However, so far, no large-area (>1 × 1 μm2), well-regular parallel CeSi 17-AAG order x NW arrays with uniform distribution and identical dimension can be Selleck ACP-196 formed on flat and vicinal Si(100) surfaces. Recently, we have demonstrated that RE metals (e.g., Gd, Ce, and Er) can be self-organized to form a mesoscopically ordered parallel RES NW array on single-domain Si(110)-16 × 2 surfaces [23–25]. These parallel-aligned and unidirectional RES NWs exhibit identical sizes, periodic positions, large aspect ratios (length >1 μm, width ≤5 nm) exceeding 300, and ultra-high integration density up to 104 NWs/μm2.

Such large-area self-ordered growths of massively parallel RES NW arrays on Si(110) surfaces can open the possibility for wafer-scale integration into nanoelectronic devices combining the well-established Si(110)-based integrated-circuit technology [26–28] with the exotic 1D physical properties of RES NWs. To date, there is little knowledge of this template-directed 1D self-organization process that leads to the formation of well-ordered parallel SB203580 in vivo RES NW arrays on single-domain Si(110)-16 × 2 surfaces. In this article, we have investigated the growth evolutions of CeSi x NWs on Si(110) surfaces over a wide range (1 to 9 monolayers (ML)) of Ce coverage by scanning tunneling microscopy (STM).
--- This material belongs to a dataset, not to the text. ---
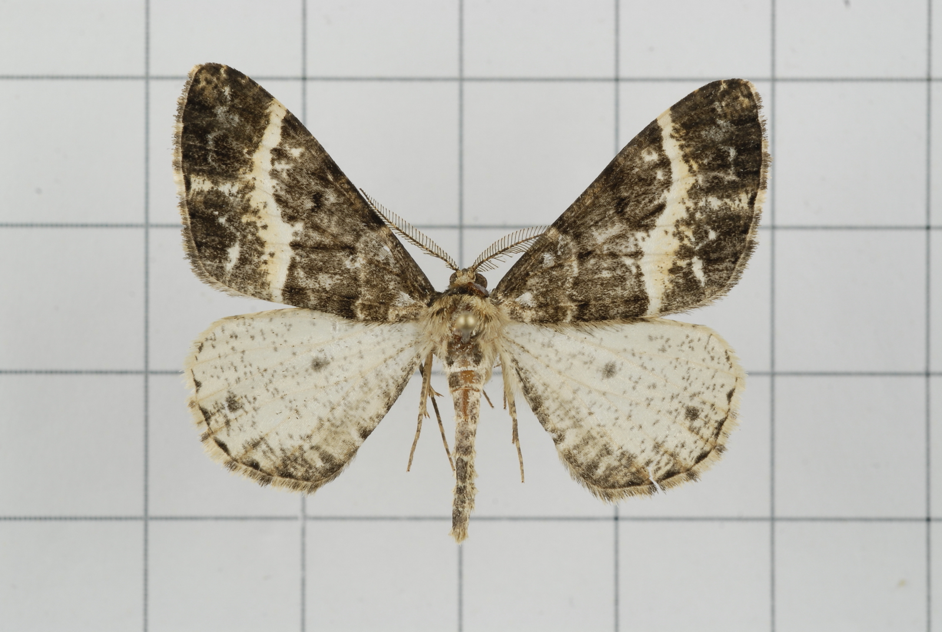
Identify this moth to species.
Harutalcis fumigata

Our comprehensive study provides a detailed understanding of the 1D self-organization mechanism of perfectly ordered parallel arrays consisting of periodic and atomically identical CeSi x NWs on single-domain Si(110)-16 × 2 surfaces. Methods Our experiments were performed in an ultra-high vacuum, variable-temperature STM system (Omicron Nanotechnology GmbH, Taunusstein, Germany) with a base pressure of less than 3.0 × 10-11 mbar. An n-type P-doped Si(110) surface with a resistivity of about 10 Ω cm was cleaned by well-established annealing procedures [25, 29, 30]. An atomically

about clean single-domain Si(110)-16 × 2 surface was confirmed by STM observation (Figure 1). Different parallel CeSi x NW arrays were produced by depositing high-purity (99.95%) Ce metals with coverages ranging from 1 to 9 ML (1 ML = 9.59 × 1014 atoms/cm2) onto a single-domain Si(110)-16 × 2 surface at 675 K with a deposition rate of 0.15 ML/min and subsequently annealed at 875 K for 20 min. The growth temperature cannot be higher than 675 K; otherwise, a large amount of Ce clusters will be formed [20, 21]. Ce metals were evaporated from an electron-beam evaporator with an internal flux meter; their deposition coverage was determined in situ by a quartz crystal thickness monitor with an accuracy of 20%. The sample temperature was measured using an infrared pyrometer with an uncertainty of ± 30 K. The chamber pressure remained below 1.0 × 10-9 mbar during evaporation. The STM measurements were acquired at 300 K using electrochemically etched nickel tips. Figure 1 STM images and topography profile of the atomically clean Si(110)-16 × 2 surface.